View From a Height
Commentary from the Mile High City
Monday, July 21, 2003

Seabiscuit Reconsidered

I've been reassessing my reaction to the Seabiscuit epilogue, so unhappy was I with the way it ended. I think I was probably lavishing sympathy on people who didn't really want or need it. Tom Smith eventually was inducted into the Racing Hall of Fame, in 2001, and probably as a result of the book. But he was a solitary guy, chose to be obscure and taciturn, and probably didn't give a damn whether or not anyone showed up at his funeral. Charlie Woolf never got to enjoy retirement, but he died on the track. And who knows if he could have stood a life without racing, anyway. And Red Pollard did what he wanted to do - race. Laura Hillenbrand has an interview at the end of the paperback re-issue, and she says that she started out with the same feelings that I had. But Pollard did want he wanted, regardless of the cost, and never seemed to regret it. In some ways it was a sad end, but it was one that he chose, and one that his wife chose with him.
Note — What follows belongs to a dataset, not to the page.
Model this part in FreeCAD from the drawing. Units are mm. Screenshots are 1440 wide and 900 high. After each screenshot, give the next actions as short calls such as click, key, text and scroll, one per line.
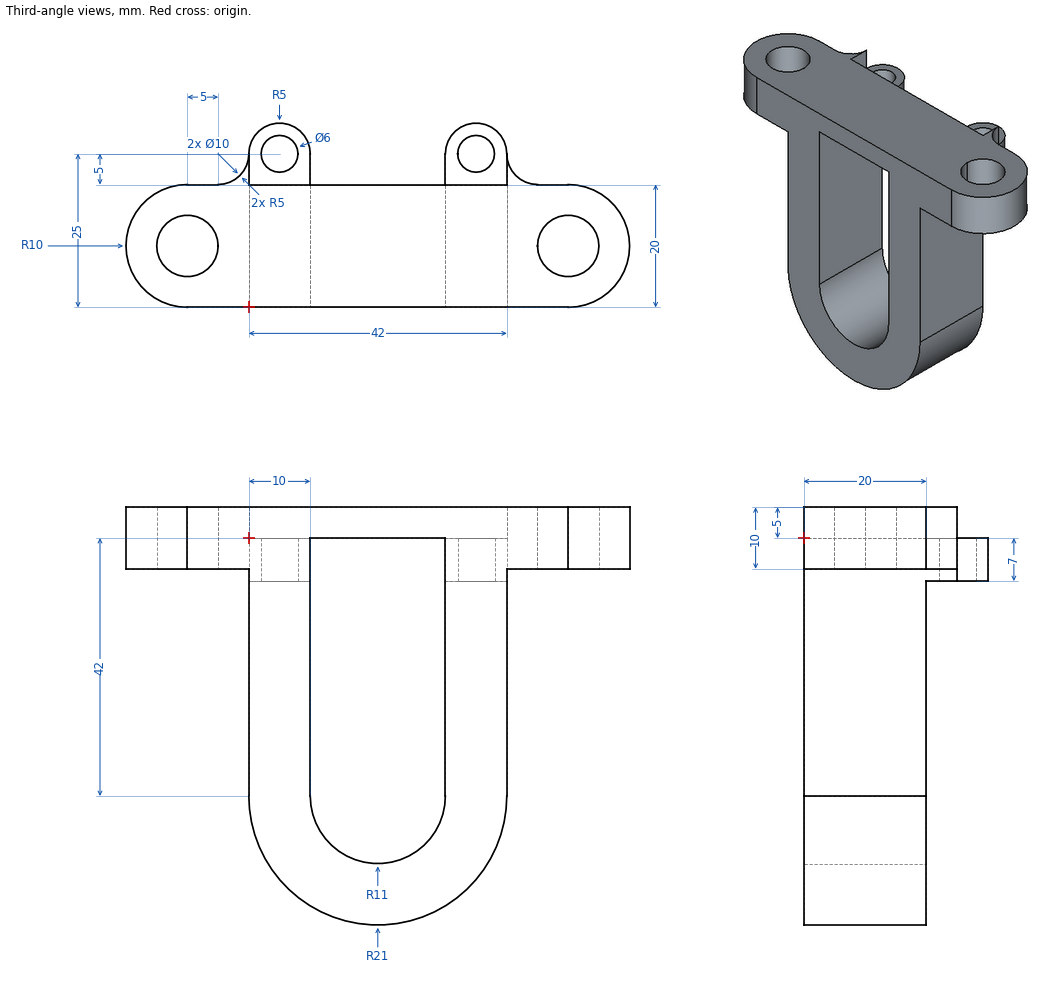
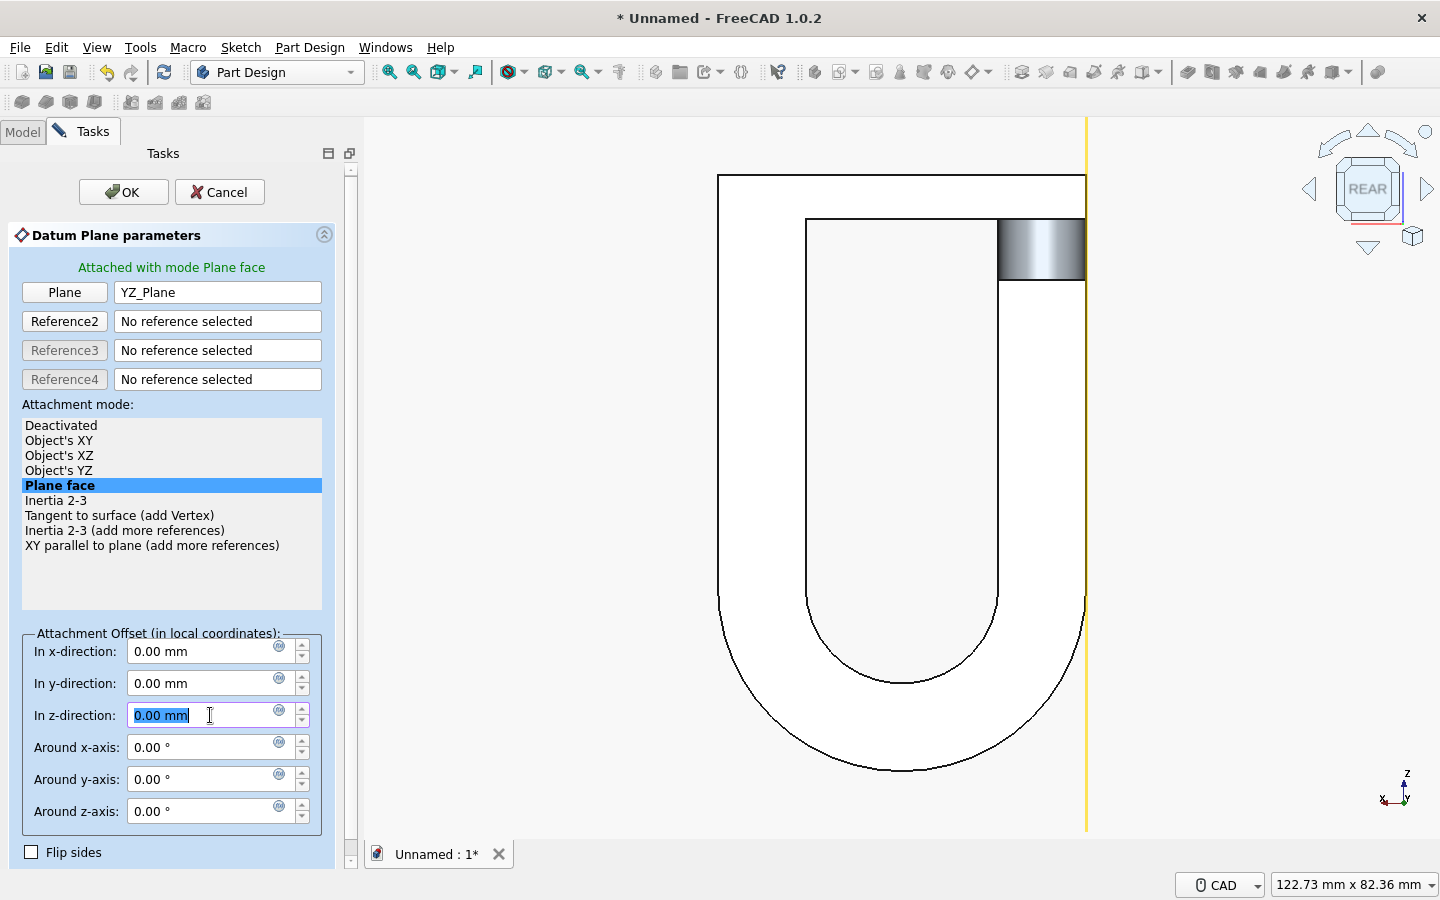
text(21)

In the end, I probably had gotten all the way through the book without learning the central lesson of horse racing - that success is ephemeral, and that the hardest thing in the world is to parlay one success into another. As much as anyone, racing people probably live in the moment. And, after all, their lasting success is that, 65 years later, we're still talking about what they accomplised with this horse.